Items from a dataset:

================

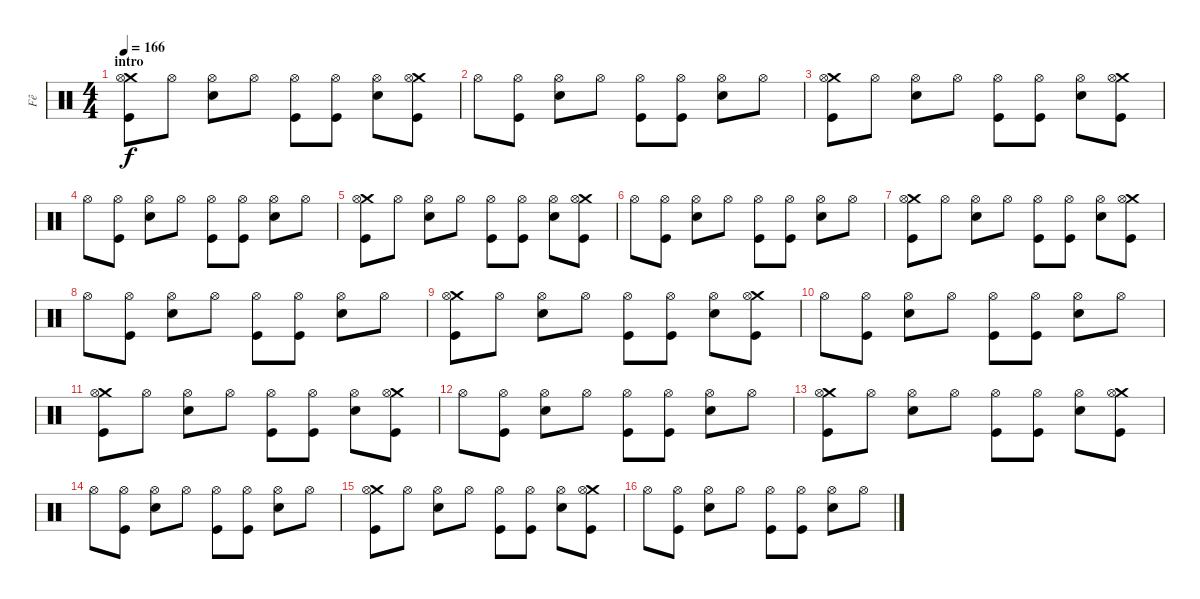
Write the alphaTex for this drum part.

\track ("Fê" "Fê") {instrument percussion}
\staff {score}
\articulation defaults
\ts (4 4)
\section ("" "intro")
\tempo 166
\clef neutral
\ks c
("Crash medium (hit)" "Hi-Hat (open)" "Kick (hit)").8{dy f} "Hi-Hat (open)".8 ("Hi-Hat (open)" "Electric Snare (hit)").8 "Hi-Hat (open)".8 ("Hi-Hat (open)" "Kick (hit)").8 ("Hi-Hat (open)" "Kick (hit)").8 ("Hi-Hat (open)" "Electric Snare (hit)").8 ("Crash medium (hit)" "Hi-Hat (open)" "Kick (hit)").8 |
"Hi-Hat (open)".8 ("Hi-Hat (open)" "Kick (hit)").8 ("Hi-Hat (open)" "Electric Snare (hit)").8 "Hi-Hat (open)".8 ("Hi-Hat (open)" "Kick (hit)").8 ("Hi-Hat (open)" "Kick (hit)").8 ("Hi-Hat (open)" "Electric Snare (hit)").8 "Hi-Hat (open)".8 |
("Crash medium (hit)" "Hi-Hat (open)" "Kick (hit)").8 "Hi-Hat (open)".8 ("Hi-Hat (open)" "Electric Snare (hit)").8 "Hi-Hat (open)".8 ("Hi-Hat (open)" "Kick (hit)").8 ("Hi-Hat (open)" "Kick (hit)").8 ("Hi-Hat (open)" "Electric Snare (hit)").8 ("Crash medium (hit)" "Hi-Hat (open)" "Kick (hit)").8 |
"Hi-Hat (open)".8 ("Hi-Hat (open)" "Kick (hit)").8 ("Hi-Hat (open)" "Electric Snare (hit)").8 "Hi-Hat (open)".8 ("Hi-Hat (open)" "Kick (hit)").8 ("Hi-Hat (open)" "Kick (hit)").8 ("Hi-Hat (open)" "Electric Snare (hit)").8 "Hi-Hat (open)".8 |
("Crash medium (hit)" "Hi-Hat (open)" "Kick (hit)").8 "Hi-Hat (open)".8 ("Hi-Hat (open)" "Electric Snare (hit)").8 "Hi-Hat (open)".8 ("Hi-Hat (open)" "Kick (hit)").8 ("Hi-Hat (open)" "Kick (hit)").8 ("Hi-Hat (open)" "Electric Snare (hit)").8 ("Crash medium (hit)" "Hi-Hat (open)" "Kick (hit)").8 |
"Hi-Hat (open)".8 ("Hi-Hat (open)" "Kick (hit)").8 ("Hi-Hat (open)" "Electric Snare (hit)").8 "Hi-Hat (open)".8 ("Hi-Hat (open)" "Kick (hit)").8 ("Hi-Hat (open)" "Kick (hit)").8 ("Hi-Hat (open)" "Electric Snare (hit)").8 "Hi-Hat (open)".8 |
("Crash medium (hit)" "Hi-Hat (open)" "Kick (hit)").8 "Hi-Hat (open)".8 ("Hi-Hat (open)" "Electric Snare (hit)").8 "Hi-Hat (open)".8 ("Hi-Hat (open)" "Kick (hit)").8 ("Hi-Hat (open)" "Kick (hit)").8 ("Hi-Hat (open)" "Electric Snare (hit)").8 ("Crash medium (hit)" "Hi-Hat (open)" "Kick (hit)").8 |
"Hi-Hat (open)".8 ("Hi-Hat (open)" "Kick (hit)").8 ("Hi-Hat (open)" "Electric Snare (hit)").8 "Hi-Hat (open)".8 ("Hi-Hat (open)" "Kick (hit)").8 ("Hi-Hat (open)" "Kick (hit)").8 ("Hi-Hat (open)" "Electric Snare (hit)").8 "Hi-Hat (open)".8 |
("Crash medium (hit)" "Hi-Hat (open)" "Kick (hit)").8 "Hi-Hat (open)".8 ("Hi-Hat (open)" "Electric Snare (hit)").8 "Hi-Hat (open)".8 ("Hi-Hat (open)" "Kick (hit)").8 ("Hi-Hat (open)" "Kick (hit)").8 ("Hi-Hat (open)" "Electric Snare (hit)").8 ("Crash medium (hit)" "Hi-Hat (open)" "Kick (hit)").8 |
"Hi-Hat (open)".8 ("Hi-Hat (open)" "Kick (hit)").8 ("Hi-Hat (open)" "Electric Snare (hit)").8 "Hi-Hat (open)".8 ("Hi-Hat (open)" "Kick (hit)").8 ("Hi-Hat (open)" "Kick (hit)").8 ("Hi-Hat (open)" "Electric Snare (hit)").8 "Hi-Hat (open)".8 |
("Crash medium (hit)" "Hi-Hat (open)" "Kick (hit)").8 "Hi-Hat (open)".8 ("Hi-Hat (open)" "Electric Snare (hit)").8 "Hi-Hat (open)".8 ("Hi-Hat (open)" "Kick (hit)").8 ("Hi-Hat (open)" "Kick (hit)").8 ("Hi-Hat (open)" "Electric Snare (hit)").8 ("Crash medium (hit)" "Hi-Hat (open)" "Kick (hit)").8 |
"Hi-Hat (open)".8 ("Hi-Hat (open)" "Kick (hit)").8 ("Hi-Hat (open)" "Electric Snare (hit)").8 "Hi-Hat (open)".8 ("Hi-Hat (open)" "Kick (hit)").8 ("Hi-Hat (open)" "Kick (hit)").8 ("Hi-Hat (open)" "Electric Snare (hit)").8 "Hi-Hat (open)".8 |
("Crash medium (hit)" "Hi-Hat (open)" "Kick (hit)").8 "Hi-Hat (open)".8 ("Hi-Hat (open)" "Electric Snare (hit)").8 "Hi-Hat (open)".8 ("Hi-Hat (open)" "Kick (hit)").8 ("Hi-Hat (open)" "Kick (hit)").8 ("Hi-Hat (open)" "Electric Snare (hit)").8 ("Crash medium (hit)" "Hi-Hat (open)" "Kick (hit)").8 |
"Hi-Hat (open)".8 ("Hi-Hat (open)" "Kick (hit)").8 ("Hi-Hat (open)" "Electric Snare (hit)").8 "Hi-Hat (open)".8 ("Hi-Hat (open)" "Kick (hit)").8 ("Hi-Hat (open)" "Kick (hit)").8 ("Hi-Hat (open)" "Electric Snare (hit)").8 "Hi-Hat (open)".8 |
("Crash medium (hit)" "Hi-Hat (open)" "Kick (hit)").8 "Hi-Hat (open)".8 ("Hi-Hat (open)" "Electric Snare (hit)").8 "Hi-Hat (open)".8 ("Hi-Hat (open)" "Kick (hit)").8 ("Hi-Hat (open)" "Kick (hit)").8 ("Hi-Hat (open)" "Electric Snare (hit)").8 ("Crash medium (hit)" "Hi-Hat (open)" "Kick (hit)").8 |
"Hi-Hat (open)".8 ("Hi-Hat (open)" "Kick (hit)").8 ("Hi-Hat (open)" "Electric Snare (hit)").8 "Hi-Hat (open)".8 ("Hi-Hat (open)" "Kick (hit)").8 ("Hi-Hat (open)" "Kick (hit)").8 ("Hi-Hat (open)" "Electric Snare (hit)").8 "Hi-Hat (open)".8

================

* **Problem statement**: Output all of the data word for word, excluding any pictures.

* **Solved problem**:
Write the alphaTex for this drum part.

\track ("Fê" "Fê") {instrument percussion}
\staff {score}
\articulation defaults
\ts (4 4)
\section ("" "intro")
\tempo 166
\clef neutral
\ks c
("Crash medium (hit)" "Hi-Hat (open)" "Kick (hit)").8{dy f} "Hi-Hat (open)".8 ("Hi-Hat (open)" "Electric Snare (hit)").8 "Hi-Hat (open)".8 ("Hi-Hat (open)" "Kick (hit)").8 ("Hi-Hat (open)" "Kick (hit)").8 ("Hi-Hat (open)" "Electric Snare (hit)").8 ("Crash medium (hit)" "Hi-Hat (open)" "Kick (hit)").8 |
"Hi-Hat (open)".8 ("Hi-Hat (open)" "Kick (hit)").8 ("Hi-Hat (open)" "Electric Snare (hit)").8 "Hi-Hat (open)".8 ("Hi-Hat (open)" "Kick (hit)").8 ("Hi-Hat (open)" "Kick (hit)").8 ("Hi-Hat (open)" "Electric Snare (hit)").8 "Hi-Hat (open)".8 |
("Crash medium (hit)" "Hi-Hat (open)" "Kick (hit)").8 "Hi-Hat (open)".8 ("Hi-Hat (open)" "Electric Snare (hit)").8 "Hi-Hat (open)".8 ("Hi-Hat (open)" "Kick (hit)").8 ("Hi-Hat (open)" "Kick (hit)").8 ("Hi-Hat (open)" "Electric Snare (hit)").8 ("Crash medium (hit)" "Hi-Hat (open)" "Kick (hit)").8 |
"Hi-Hat (open)".8 ("Hi-Hat (open)" "Kick (hit)").8 ("Hi-Hat (open)" "Electric Snare (hit)").8 "Hi-Hat (open)".8 ("Hi-Hat (open)" "Kick (hit)").8 ("Hi-Hat (open)" "Kick (hit)").8 ("Hi-Hat (open)" "Electric Snare (hit)").8 "Hi-Hat (open)".8 |
("Crash medium (hit)" "Hi-Hat (open)" "Kick (hit)").8 "Hi-Hat (open)".8 ("Hi-Hat (open)" "Electric Snare (hit)").8 "Hi-Hat (open)".8 ("Hi-Hat (open)" "Kick (hit)").8 ("Hi-Hat (open)" "Kick (hit)").8 ("Hi-Hat (open)" "Electric Snare (hit)").8 ("Crash medium (hit)" "Hi-Hat (open)" "Kick (hit)").8 |
"Hi-Hat (open)".8 ("Hi-Hat (open)" "Kick (hit)").8 ("Hi-Hat (open)" "Electric Snare (hit)").8 "Hi-Hat (open)".8 ("Hi-Hat (open)" "Kick (hit)").8 ("Hi-Hat (open)" "Kick (hit)").8 ("Hi-Hat (open)" "Electric Snare (hit)").8 "Hi-Hat (open)".8 |
("Crash medium (hit)" "Hi-Hat (open)" "Kick (hit)").8 "Hi-Hat (open)".8 ("Hi-Hat (open)" "Electric Snare (hit)").8 "Hi-Hat (open)".8 ("Hi-Hat (open)" "Kick (hit)").8 ("Hi-Hat (open)" "Kick (hit)").8 ("Hi-Hat (open)" "Electric Snare (hit)").8 ("Crash medium (hit)" "Hi-Hat (open)" "Kick (hit)").8 |
"Hi-Hat (open)".8 ("Hi-Hat (open)" "Kick (hit)").8 ("Hi-Hat (open)" "Electric Snare (hit)").8 "Hi-Hat (open)".8 ("Hi-Hat (open)" "Kick (hit)").8 ("Hi-Hat (open)" "Kick (hit)").8 ("Hi-Hat (open)" "Electric Snare (hit)").8 "Hi-Hat (open)".8 |
("Crash medium (hit)" "Hi-Hat (open)" "Kick (hit)").8 "Hi-Hat (open)".8 ("Hi-Hat (open)" "Electric Snare (hit)").8 "Hi-Hat (open)".8 ("Hi-Hat (open)" "Kick (hit)").8 ("Hi-Hat (open)" "Kick (hit)").8 ("Hi-Hat (open)" "Electric Snare (hit)").8 ("Crash medium (hit)" "Hi-Hat (open)" "Kick (hit)").8 |
"Hi-Hat (open)".8 ("Hi-Hat (open)" "Kick (hit)").8 ("Hi-Hat (open)" "Electric Snare (hit)").8 "Hi-Hat (open)".8 ("Hi-Hat (open)" "Kick (hit)").8 ("Hi-Hat (open)" "Kick (hit)").8 ("Hi-Hat (open)" "Electric Snare (hit)").8 "Hi-Hat (open)".8 |
("Crash medium (hit)" "Hi-Hat (open)" "Kick (hit)").8 "Hi-Hat (open)".8 ("Hi-Hat (open)" "Electric Snare (hit)").8 "Hi-Hat (open)".8 ("Hi-Hat (open)" "Kick (hit)").8 ("Hi-Hat (open)" "Kick (hit)").8 ("Hi-Hat (open)" "Electric Snare (hit)").8 ("Crash medium (hit)" "Hi-Hat (open)" "Kick (hit)").8 |
"Hi-Hat (open)".8 ("Hi-Hat (open)" "Kick (hit)").8 ("Hi-Hat (open)" "Electric Snare (hit)").8 "Hi-Hat (open)".8 ("Hi-Hat (open)" "Kick (hit)").8 ("Hi-Hat (open)" "Kick (hit)").8 ("Hi-Hat (open)" "Electric Snare (hit)").8 "Hi-Hat (open)".8 |
("Crash medium (hit)" "Hi-Hat (open)" "Kick (hit)").8 "Hi-Hat (open)".8 ("Hi-Hat (open)" "Electric Snare (hit)").8 "Hi-Hat (open)".8 ("Hi-Hat (open)" "Kick (hit)").8 ("Hi-Hat (open)" "Kick (hit)").8 ("Hi-Hat (open)" "Electric Snare (hit)").8 ("Crash medium (hit)" "Hi-Hat (open)" "Kick (hit)").8 |
"Hi-Hat (open)".8 ("Hi-Hat (open)" "Kick (hit)").8 ("Hi-Hat (open)" "Electric Snare (hit)").8 "Hi-Hat (open)".8 ("Hi-Hat (open)" "Kick (hit)").8 ("Hi-Hat (open)" "Kick (hit)").8 ("Hi-Hat (open)" "Electric Snare (hit)").8 "Hi-Hat (open)".8 |
("Crash medium (hit)" "Hi-Hat (open)" "Kick (hit)").8 "Hi-Hat (open)".8 ("Hi-Hat (open)" "Electric Snare (hit)").8 "Hi-Hat (open)".8 ("Hi-Hat (open)" "Kick (hit)").8 ("Hi-Hat (open)" "Kick (hit)").8 ("Hi-Hat (open)" "Electric Snare (hit)").8 ("Crash medium (hit)" "Hi-Hat (open)" "Kick (hit)").8 |
"Hi-Hat (open)".8 ("Hi-Hat (open)" "Kick (hit)").8 ("Hi-Hat (open)" "Electric Snare (hit)").8 "Hi-Hat (open)".8 ("Hi-Hat (open)" "Kick (hit)").8 ("Hi-Hat (open)" "Kick (hit)").8 ("Hi-Hat (open)" "Electric Snare (hit)").8 "Hi-Hat (open)".8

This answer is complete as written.